One of Jeanne’s fellow prisoners volunteered as her chambermaid, preparing soup and boiling coffee. Well-wishers sent her money and the duc d’Orléans, to spite the queen, organised a subscription on her behalf. Her situation was considerably improved when she cultivated the attention of Mathieu Tillet, one of the hospital’s administrators, who obtained for Jeanne unlimited eggs, as well as wine, jam and sweets. He provided her with a bedstead, table and chairs, and fixed on the wall a print of the Magdalen and an ivory carving of Christ. Tillet visited Jeanne every day – a concealed staircase led directly to her cloister – and some suspected that prayer was not their only business (Jeanne’s own memoir, at pains to present herself as a penitent,
still admits that Tillet ‘caressed me as much as if I
had been his daughter’).
Misery bred godliness – or at least a well-simulated version of it. The
Gazette de Leyde
reported that ‘Madame de La Motte is becoming more and more stoical and resigned to her fate. For the greater part of the day, she employs herself in reading the ascetic book,
The Imitation of Christ
.’ The archbishop of Paris found her ‘sublime in the picture of suffering she draws, and in the piety and resignation she
gives expression to’. Jeanne’s behaviour, however, did not convey resignation. Less than a month after her arrival, an escape attempt went awry. ‘She had already made a hole through which her head would go,’ wrote the
Gazette d’Utrecht
, but ‘she stuck in this opening, so that she could go neither forward nor backwards. Fright seized her; she struggled in vain, and her cries summoned the warders, who found her in that position. Her attempt has only increased the rigour
of her confinement.’
But there were hidden figures, with power and money and silent purpose, who wished Jeanne released. At the end of November 1786, Jeanne’s maidservant, Angelique, was informed by one of the guards that a plot was in motion to spring her. A letter arrived, delivered in the quiet of night, which stated ‘PEOPLE are now intent on
changing your condition’. According to the improbable scenario laid out by Jeanne in her autobiography, she was instructed to examine the key hanging from the belt of the jailer and draw it accurately enough for a replica to be made (Jeanne did not explain why she, rather than the compliant and well-placed guard, was chosen for this task). Somehow she managed to jigsaw together enough glances to sketch the key and it was duly cut, delivered and secreted.
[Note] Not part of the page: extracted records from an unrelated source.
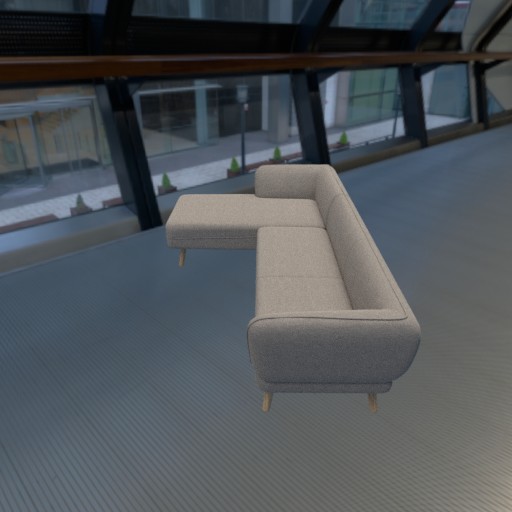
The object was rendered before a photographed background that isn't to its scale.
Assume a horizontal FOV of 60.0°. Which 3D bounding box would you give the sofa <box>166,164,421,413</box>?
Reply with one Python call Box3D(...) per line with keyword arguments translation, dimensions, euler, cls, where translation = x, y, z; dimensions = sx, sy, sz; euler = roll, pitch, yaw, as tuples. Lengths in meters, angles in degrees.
Box3D(translation=(0.000, 0.000, 3.269), dimensions=(1.532, 0.693, 2.653), euler=(0, 26, 1), cls="sofa")
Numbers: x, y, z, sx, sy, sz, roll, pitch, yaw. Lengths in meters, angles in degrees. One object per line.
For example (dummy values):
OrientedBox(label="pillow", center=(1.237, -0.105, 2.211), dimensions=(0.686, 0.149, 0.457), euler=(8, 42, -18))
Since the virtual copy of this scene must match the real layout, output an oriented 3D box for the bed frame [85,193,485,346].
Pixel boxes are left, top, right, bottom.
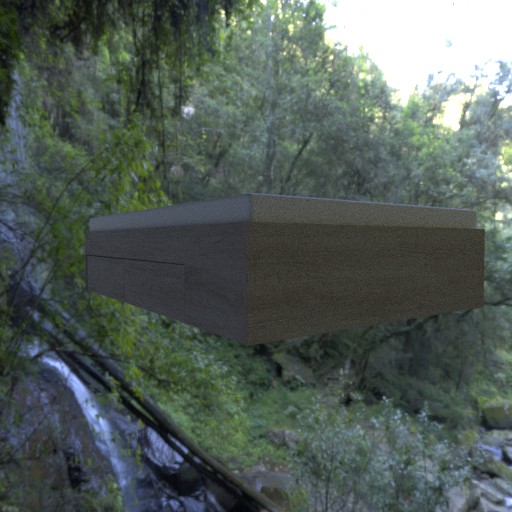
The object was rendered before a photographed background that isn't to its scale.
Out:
OrientedBox(label="bed frame", center=(0.000, 0.000, 2.611), dimensions=(1.448, 0.490, 1.944), euler=(-1, 2, -35))
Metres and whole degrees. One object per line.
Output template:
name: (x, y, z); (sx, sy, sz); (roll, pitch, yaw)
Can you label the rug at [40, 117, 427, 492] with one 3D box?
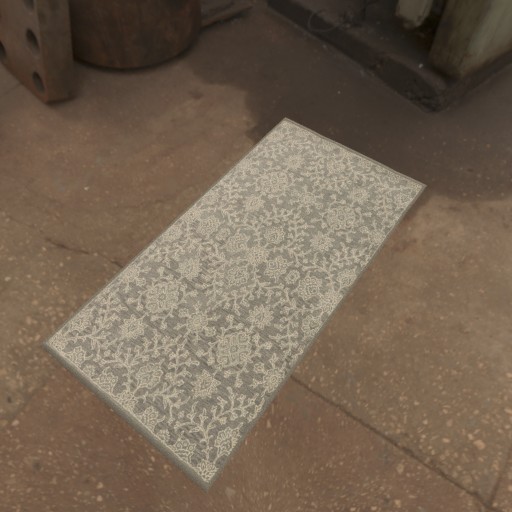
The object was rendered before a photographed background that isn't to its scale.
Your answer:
rug: (0.000, 0.000, 3.555); (1.546, 0.011, 3.048); (32, 62, 19)

The attempted evasion was delayed when Angelique was unexpectedly released and another girl, Marianne, appointed in her place. Eventually, the date for the escape was set for 5 June 1787. A rose was brought to Jeanne to signal that the prospect was fair (did Jeanne think of another rose, pressed into d’Oliva’s hand nearly three years earlier?). Dressed in a rich blue frock coat, a black shirt, breeches, a hat and leather gloves, and prodding the ground with a cane, she wandered out of the prison (as with Jeanne’s other
escapades, literary precedent may have embellished her account – Manon Lescaut also escaped gaol dressed as a man).